Student-veterans encounter challenges in returning to higher education. Stresses, such as combat trauma, and injury, such as injury from concealed explosives, have left this population with both visible and hidden wounds.6,7 Further, even among veterans not personally exposed to combat or other life-threatening situations, rates of PTSD are elevated due to other forms of exposure, such as having friends be critically injured or killed.8 Of those servicemembers who have experienced combat, estimates of lifetime prevalence of PTSD ranges between 12% and 30% with a past-year prevalence of 12% to 15%.9 In a comparative study of college students, student-veterans have been found to present with a higher prevalence than their nonveteran peers with depression, PTSD, and suicidal ideation.10 Further, military service members also report high rates of sexual harassment and assault (WILSON). Furthermore, in a survey of 628 student-veterans, 35% reported experiencing anxiety and 46% reported thoughts of suicide—of which 20% reported having a plan for attempting suicide.11 These studies indicate high rates of mental health distress among U.S. student-veterans and demonstrate the need for mental health services among student veterans.

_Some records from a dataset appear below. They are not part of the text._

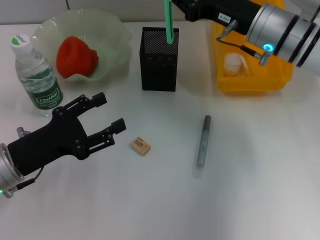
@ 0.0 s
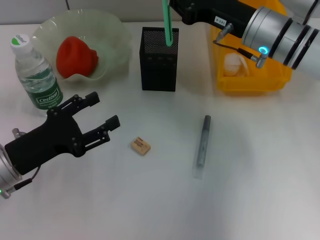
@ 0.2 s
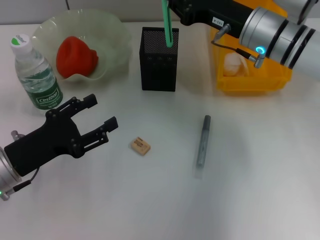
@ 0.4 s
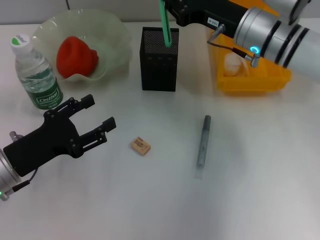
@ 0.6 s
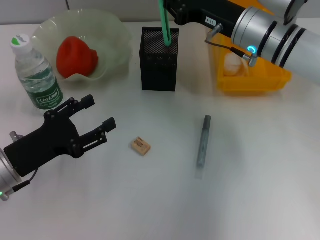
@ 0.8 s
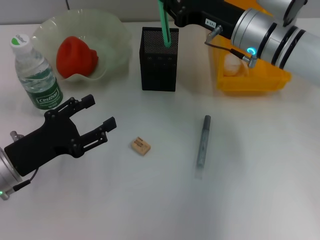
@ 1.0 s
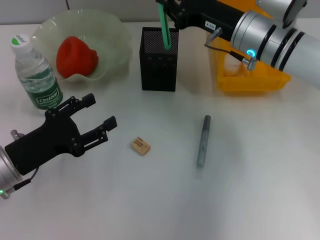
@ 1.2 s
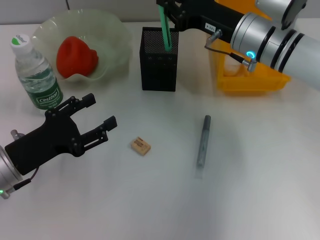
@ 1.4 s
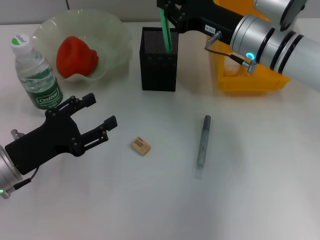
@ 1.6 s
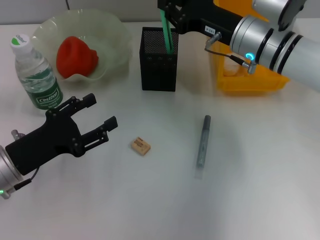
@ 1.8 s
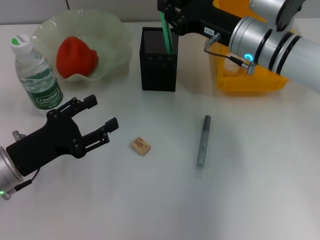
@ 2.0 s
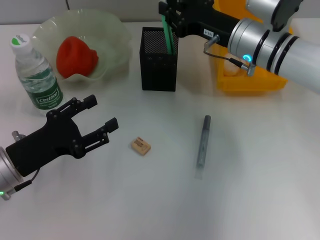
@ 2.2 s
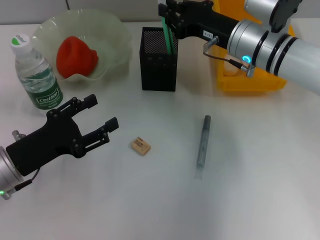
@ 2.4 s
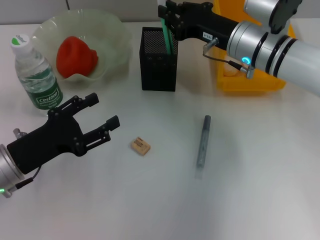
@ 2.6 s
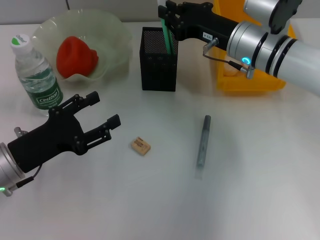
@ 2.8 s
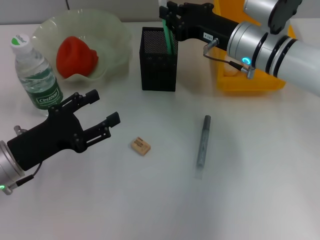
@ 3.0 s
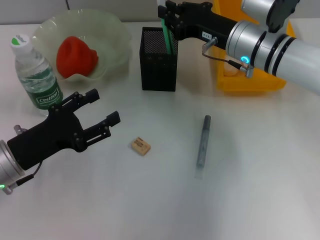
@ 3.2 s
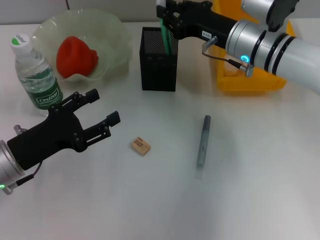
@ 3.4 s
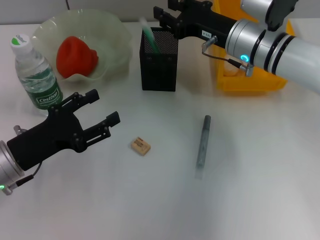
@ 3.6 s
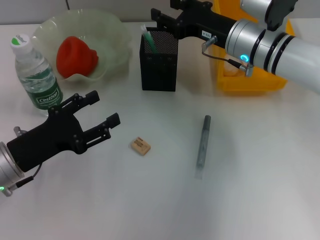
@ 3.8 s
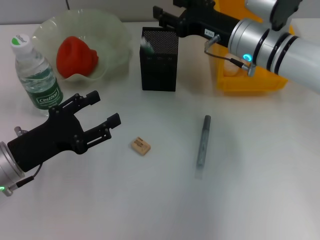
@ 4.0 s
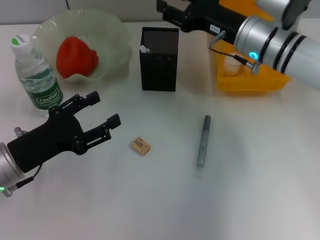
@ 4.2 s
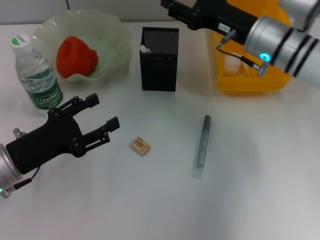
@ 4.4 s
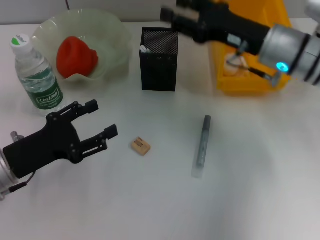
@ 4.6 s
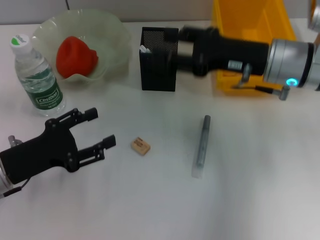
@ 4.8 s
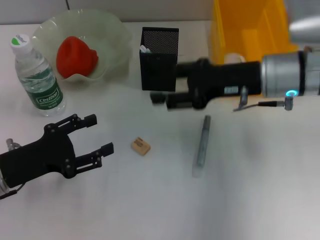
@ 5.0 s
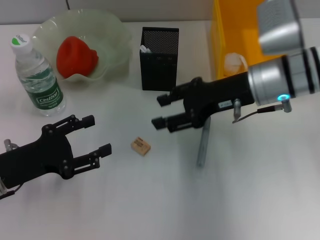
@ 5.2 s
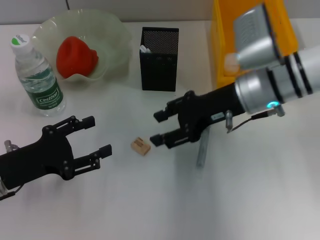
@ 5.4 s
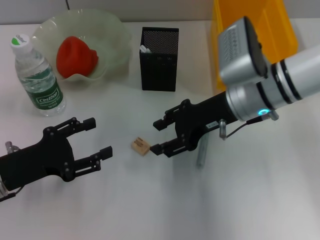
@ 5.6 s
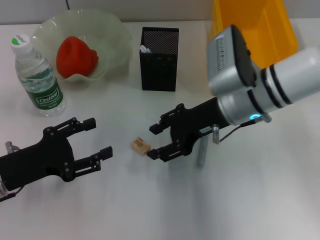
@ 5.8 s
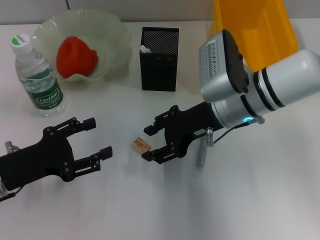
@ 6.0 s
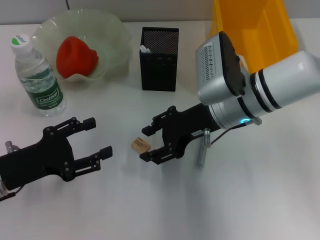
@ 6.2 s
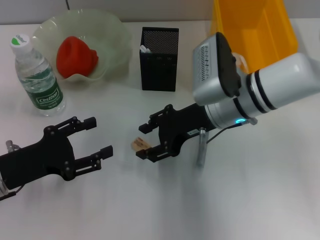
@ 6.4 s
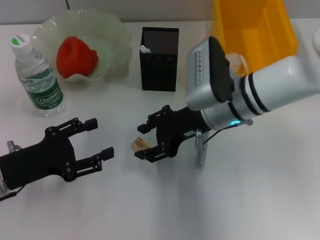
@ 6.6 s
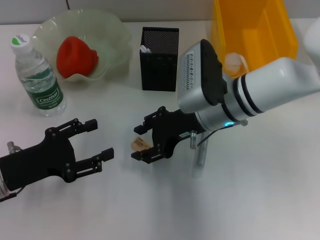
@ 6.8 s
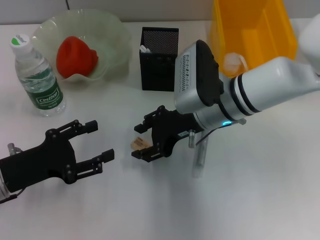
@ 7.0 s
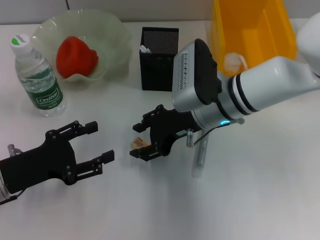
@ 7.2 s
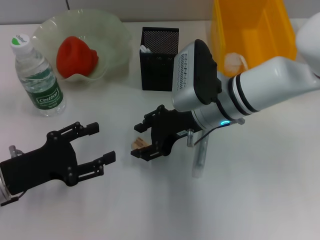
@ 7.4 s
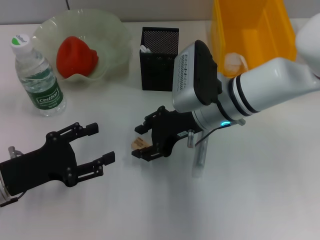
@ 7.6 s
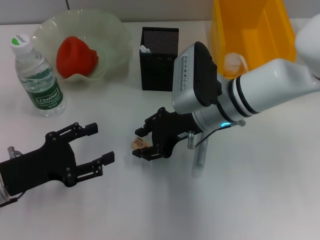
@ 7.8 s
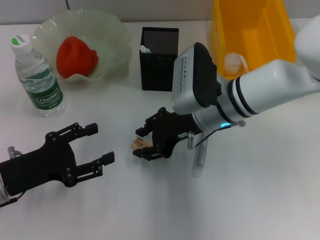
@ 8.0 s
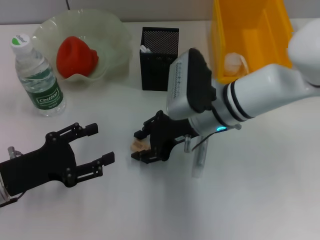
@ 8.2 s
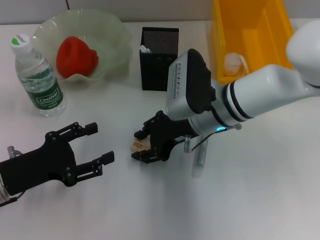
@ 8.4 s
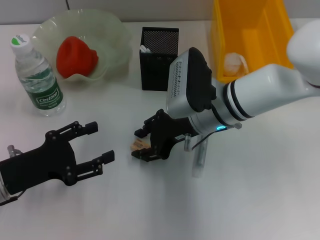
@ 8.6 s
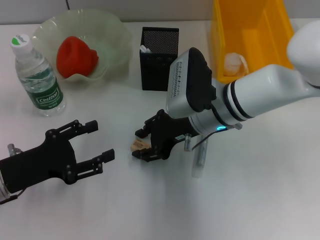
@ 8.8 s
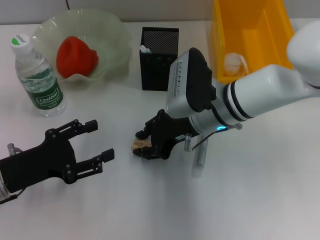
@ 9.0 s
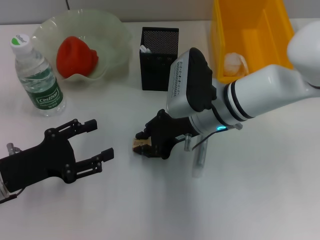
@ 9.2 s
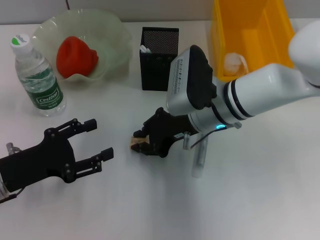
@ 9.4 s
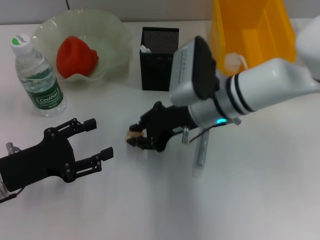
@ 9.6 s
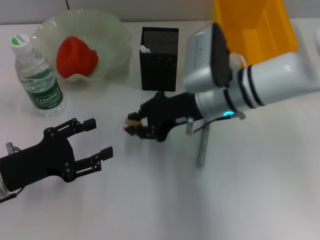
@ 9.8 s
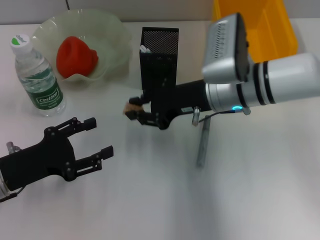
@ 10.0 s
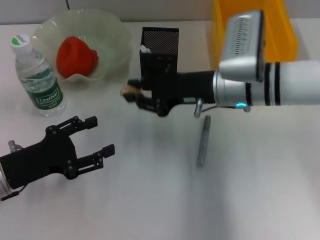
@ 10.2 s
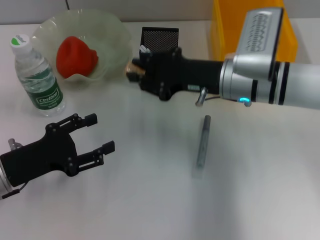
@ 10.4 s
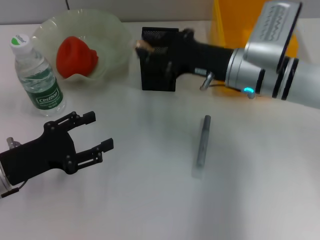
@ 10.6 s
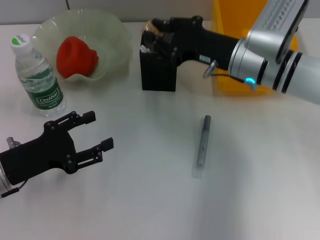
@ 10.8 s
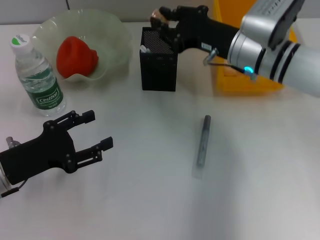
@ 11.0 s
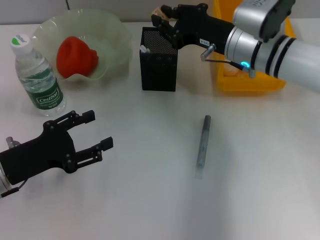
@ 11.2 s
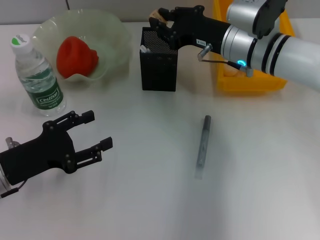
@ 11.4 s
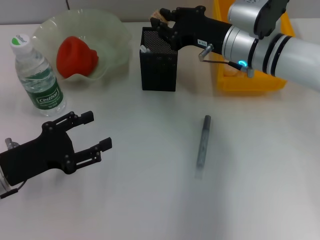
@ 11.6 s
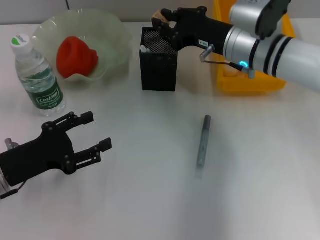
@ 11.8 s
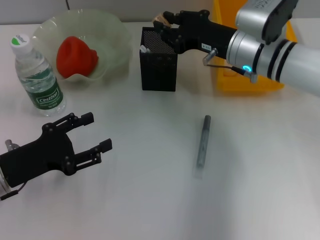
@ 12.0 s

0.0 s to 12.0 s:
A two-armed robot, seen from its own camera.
Step, 0.0 to 3.6 s: Place the blue utility knife into the pen holder with the right hand.
Step, 4.0 to 9.4 s: Grab the eraser with the right hand.
0.0 to 3.0 s: The grippers stay close to where they were, moving slightly.
3.0 to 4.4 s: The right gripper opens up.
4.4 to 6.0 s: The right gripper heads to the left, covering about 5 cm.
6.0 to 7.6 s: The grippers move only a little.
7.6 to 9.0 s: Both grippers stay put.
9.0 to 10.4 s: The right gripper shifts by roughly 5 cm.

With a proliferation of evidence-based mental health treatment and the increasing availability of care, veterans have access to psychological services. Mental health care services are available via the Veteran’s Administration hospital system (VA), though many veterans prefer to not use the VA for varied reasons.12–14 For student-veterans, college counseling centers also offer a low-cost option for mental health care that is not connected to their VA records.15 However, reluctance to seek mental health services remains a significant barrier to care for student veterans.16,17 This reluctance, characterized as stigma toward help-seeking, is associated with less help-seeking behavior and thus the persistence of untreated mental health concerns.18 Reluctance to seek mental health help may result in persistence of symptoms that arose due to military experience (e.g., combat trauma) and may also produce reluctance to seek help for mental health issues that arose before military service (e.g., childhood abuse). U.S. veterans are more likely to perceive stigma than nonveterans10 and as such are more reluctant to seek mental health services even when they also perceive the need for such services.10 Despite this stigma, some studies have found that student veterans are more likely than non-veteran students to receive therapy,10,19 with rates of help-seeking as high as 98%,20 though other studies have found no difference.21 With higher rates of mental illness and a greater reluctance to seek care, these findings illustrate the importance of addressing barriers to help-seeking behavior within the veteran population.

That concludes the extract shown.